## [WORK REQUIRED]
What is wanted is the line holding "outline: M -142.75,0 L -9.02,0" and every later line through the end of the entries, set down exactly.

## [RECORDS SHOWN]
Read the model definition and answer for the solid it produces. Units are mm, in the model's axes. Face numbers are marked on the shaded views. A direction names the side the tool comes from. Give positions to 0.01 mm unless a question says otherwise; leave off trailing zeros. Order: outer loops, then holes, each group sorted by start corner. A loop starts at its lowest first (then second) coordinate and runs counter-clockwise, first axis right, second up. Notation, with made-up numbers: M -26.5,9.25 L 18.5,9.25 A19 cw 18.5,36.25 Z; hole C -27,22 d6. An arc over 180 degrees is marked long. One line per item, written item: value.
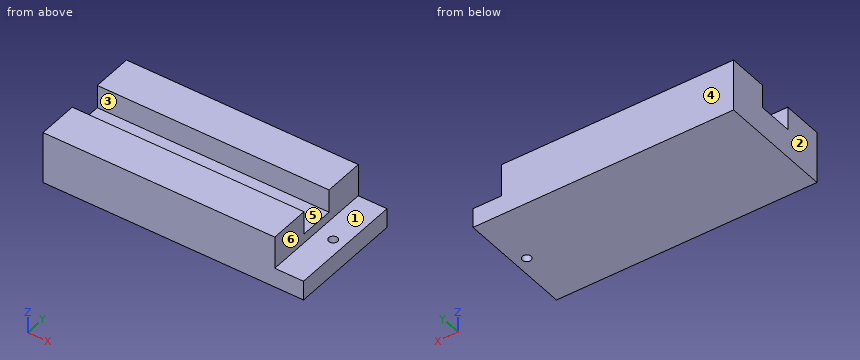
from build123d import *

# Parameters (mm, degrees)
F1_DEPTH = 63.5
F2_R     = 2.413
F3_DEPTH = 10.669
F4_W     = 19.05
F4_H     = 12.7
F5_DEPTH = 142.749


with BuildPart() as f1:
    # F0 (on Front) → F1 (new body)
    with BuildSketch(Plane.XZ):
        Polygon((-15.748, 28.448), (-142.748, 28.448), (-142.748, 0), (0, 0), (0, 10.668), (-15.748, 10.668), align=None)
    extrude(amount=F1_DEPTH)

    # F2 (on face) → F3 (cut, through all)
    with BuildSketch(Plane.XY.offset(10.668)):
        with Locations((-6.604, -31.75)):
            Circle(F2_R)
    extrude(amount=-F3_DEPTH, mode=Mode.SUBTRACT)

    # F4 (on face) → F5 (cut, through all)
    with BuildSketch(Plane(origin=(-142.748, 0, 0), x_dir=(0, -1, 0), z_dir=(-1, 0, 0))):
        with Locations((31.75, 22.098)):
            Rectangle(F4_W, F4_H)
    extrude(amount=-F5_DEPTH, mode=Mode.SUBTRACT)


solid = f1.part
1) Find section D-D, the plane y = -13.5. Write down the section's boundary in (x, z), plus the area to 3 significant figures.
Reported:
outline: M -142.75,0 L 0,0 L 0,10.67 L -15.75,10.67 L -15.75,28.45 L -142.75,28.45 Z
area: 3,780 mm^2
2) Find section C-C, the plane x = -31. Write down the section's boundary in (y, z) (3 decimals).
Reported:
outline: M -63.5,0 L 0,0 L 0,28.448 L -22.225,28.448 L -22.225,15.748 L -41.275,15.748 L -41.275,28.448 L -63.5,28.448 Z
3) Each of these flat-tipped pins is pushed along its axis until it touches: pin 1 Ø12 at (x, y) = (-100, -32) entering from +Z; pin 2 Ø8 at (x, y) = (-5, -29.5) entering from +Z. Where does it stop, or does it pass through?
Reported:
pin 1: stops at z = 15.75
pin 2: stops at z = 10.67
4) Which of the six approach directions +Z, -Z, +X, -X, +Y, -Y give full straight-line access (tool end or side, diameter ignored) to the marked faces 1 and 2?
Reported:
face 1: +Z, +X, +Y, -Y
face 2: +Z, -Z, -X, +Y, -Y
5) Find section B-B, the plane z = 17.5. Write down the section's boundary in (x, y) (3 decimals), plus the area to 3 significant figures.
Reported:
outline: M -142.748,-63.5 L -15.748,-63.5 L -15.748,-41.275 L -142.748,-41.275 Z; M -142.748,-22.225 L -15.748,-22.225 L -15.748,0 L -142.748,0 Z
area: 5,650 mm^2
6) Find section A-A, the plane y = -31.75. Write down the section's boundary in (x, z).
Reported:
outline: M -142.75,0 L -9.02,0 L -9.02,10.67 L -15.75,10.67 L -15.75,15.75 L -142.75,15.75 Z; M -4.19,0 L 0,0 L 0,10.67 L -4.19,10.67 Z
7) Consider probe 1 along Y at (x, z) = (-22, 21.75) (3 decimals); probe 2 along Z at (x, y) = (-12.5, -47); probe 3 along Z at (x, y) = (-74.5, -24). Determine where each line is inside the solid, lowest interval first.
Reported:
probe 1: y = -63.5 to -41.275, -22.225 to 0
probe 2: z = 0 to 10.67
probe 3: z = 0 to 15.75
8) Determine the mould class of the marked faces 3, 4, 5 and 6 for opening direction Y: +Y half, -Y half, draft (parallel to the pull), parting line (faces both ways), or undercut.
Reported:
face 3: undercut
face 4: +Y half
face 5: undercut
face 6: draft

## [WORKED SOLUTION]
outline: M -142.75,0 L -9.02,0 L -9.02,10.67 L -15.75,10.67 L -15.75,15.75 L -142.75,15.75 Z; M -4.19,0 L 0,0 L 0,10.67 L -4.19,10.67 Z
7) Consider probe 1 along Y at (x, z) = (-22, 21.75) (3 decimals); probe 2 along Z at (x, y) = (-12.5, -47); probe 3 along Z at (x, y) = (-74.5, -24). Determine where each line is inside the solid, lowest interval first.
Reported:
probe 1: y = -63.5 to -41.275, -22.225 to 0
probe 2: z = 0 to 10.67
probe 3: z = 0 to 15.75
8) Determine the mould class of the marked faces 3, 4, 5 and 6 for opening direction Y: +Y half, -Y half, draft (parallel to the pull), parting line (faces both ways), or undercut.
Reported:
face 3: undercut
face 4: +Y half
face 5: undercut
face 6: draft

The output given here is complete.